Nachher müsste man die Daten wohl in eine zentrale kantonale Datenbank geben, müsste diese zugänglich machen, müsste Fragen zum Datenschutz und zur IT-Umsetzung beantworten, und am Ende geht es dann wieder um Kosten, Mehrkosten, die man wahrscheinlich auf die Bauherrschaften überwälzen würde. Das verteuert nachher wieder das ganze Bauen. In Zeiten des drohenden Wohnungsmangels – es ist gesagt worden – und steigender Mietpreise ist das wahrscheinlich nicht im öffentlichen Interesse.
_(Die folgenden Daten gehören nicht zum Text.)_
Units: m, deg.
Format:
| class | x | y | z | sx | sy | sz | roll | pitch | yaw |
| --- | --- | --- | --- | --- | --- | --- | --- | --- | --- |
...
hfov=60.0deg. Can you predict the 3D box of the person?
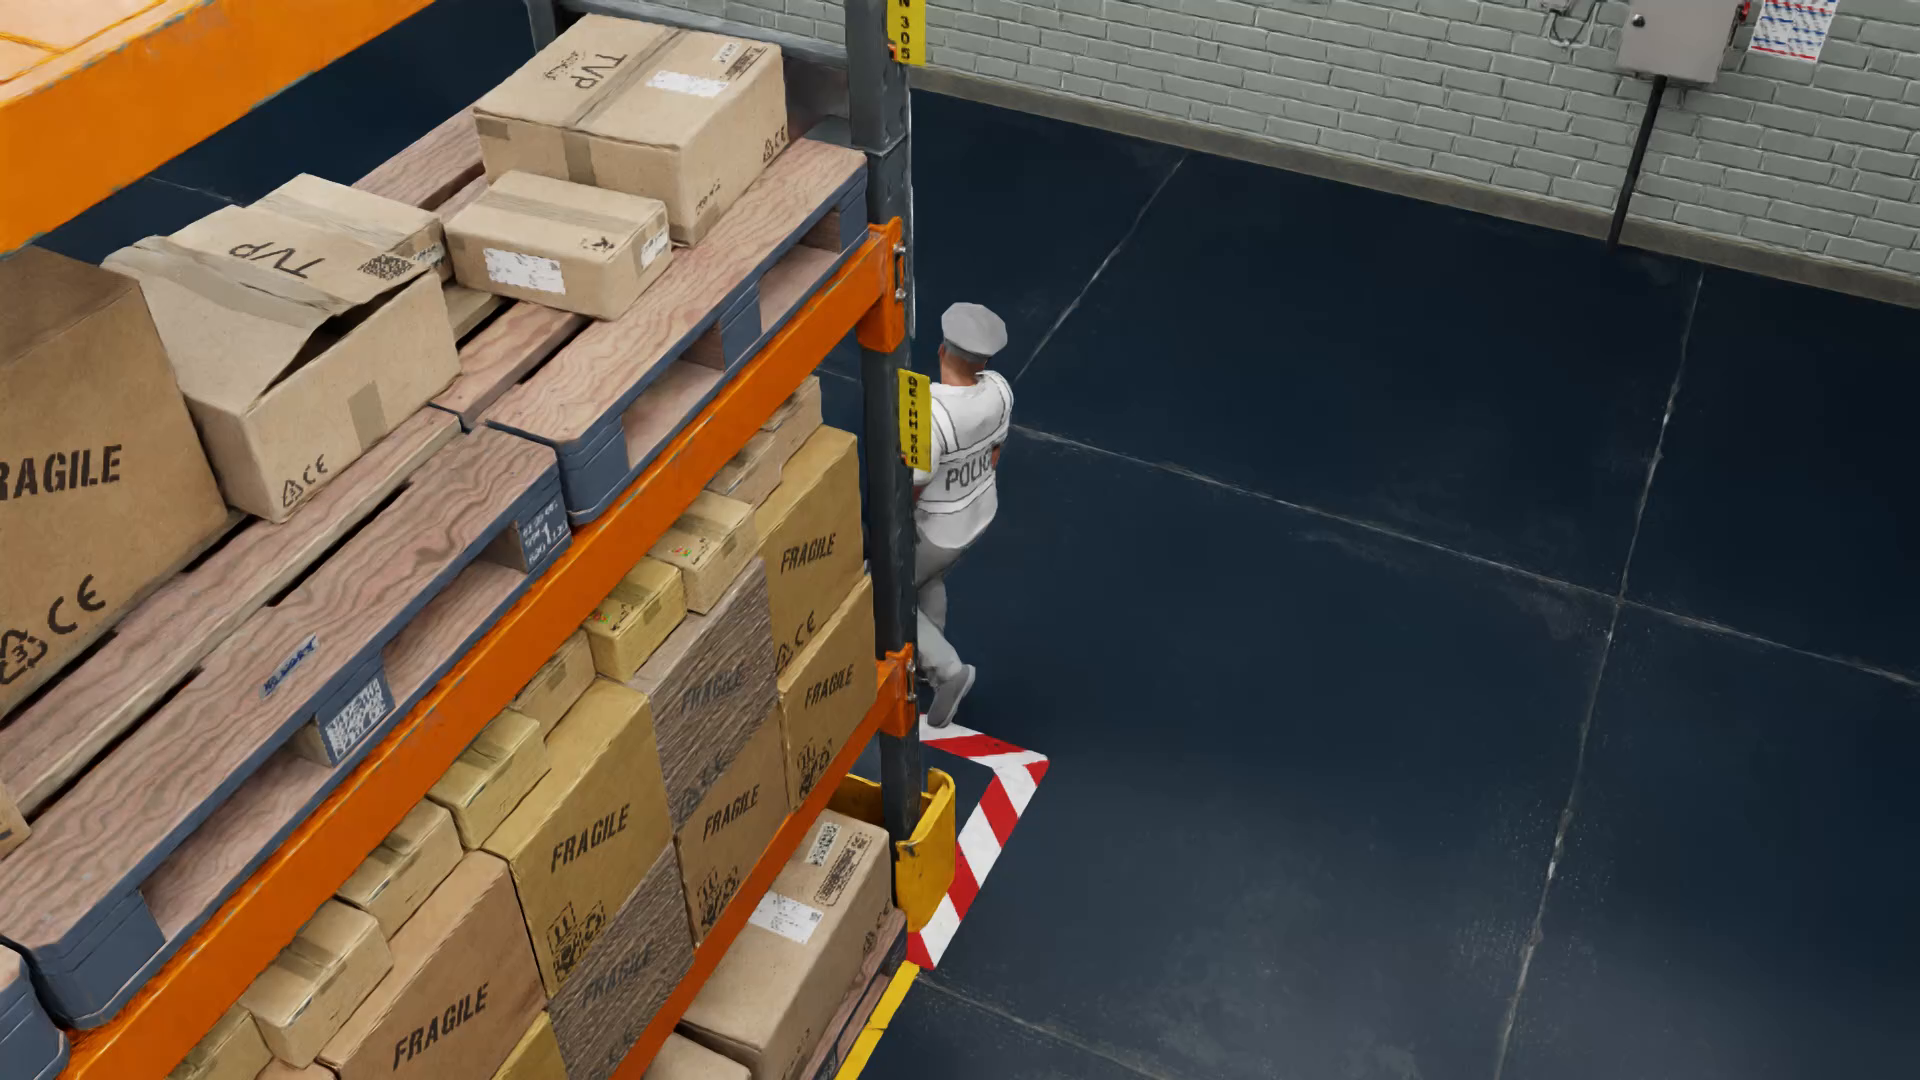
| class | x | y | z | sx | sy | sz | roll | pitch | yaw |
| --- | --- | --- | --- | --- | --- | --- | --- | --- | --- |
| person | -0.092 | -0.087 | 6.277 | 0.556 | 1.730 | 0.600 | 21 | 46 | 22 |
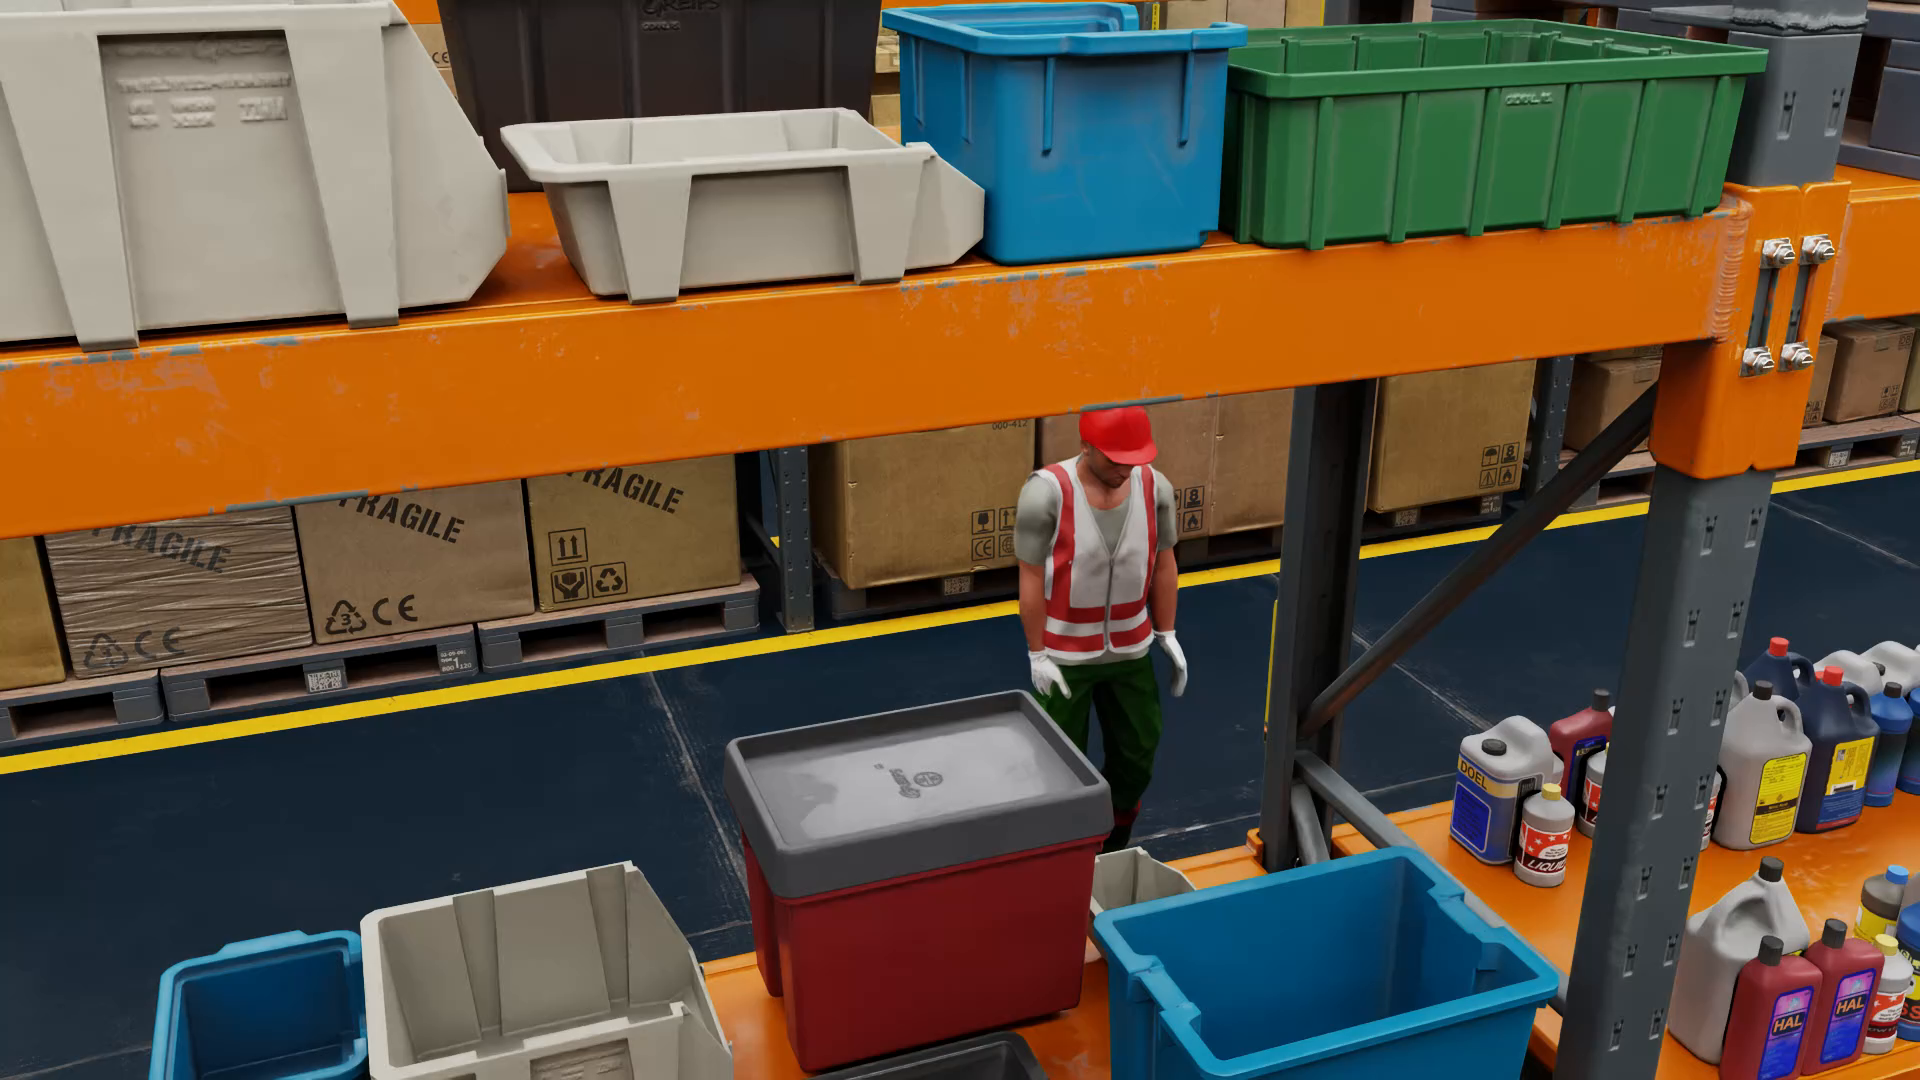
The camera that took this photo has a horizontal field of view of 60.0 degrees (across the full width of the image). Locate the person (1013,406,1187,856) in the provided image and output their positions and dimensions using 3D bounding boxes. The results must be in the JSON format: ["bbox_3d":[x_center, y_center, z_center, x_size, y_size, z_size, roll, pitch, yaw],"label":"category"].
[{"bbox_3d":[0.439,0.364,5.208,0.534,1.762,0.400,-8,24,-18],"label":"person"}]

Deshalb das Fazit: Wir bekennen uns als Regierungsrat des Kantons Bern im ganzen Handeln weiterhin zu nachhaltigen Bauten, zum nachhaltigen Bauen. Wir lehnen aber die geforderte Materialnachweispflicht ab und beantragen vor diesem Hintergrund die Ablehnung der Motion und konsequenterweise auch des Postulats. Wenn Sie jetzt Ja sagen würden, auch zu einem Postulat, wäre das genau das Gegenteil dessen, was Sie während der Diskussion zur Baubewilligungsbeschleunigung gefordert haben. Deshalb: Nein.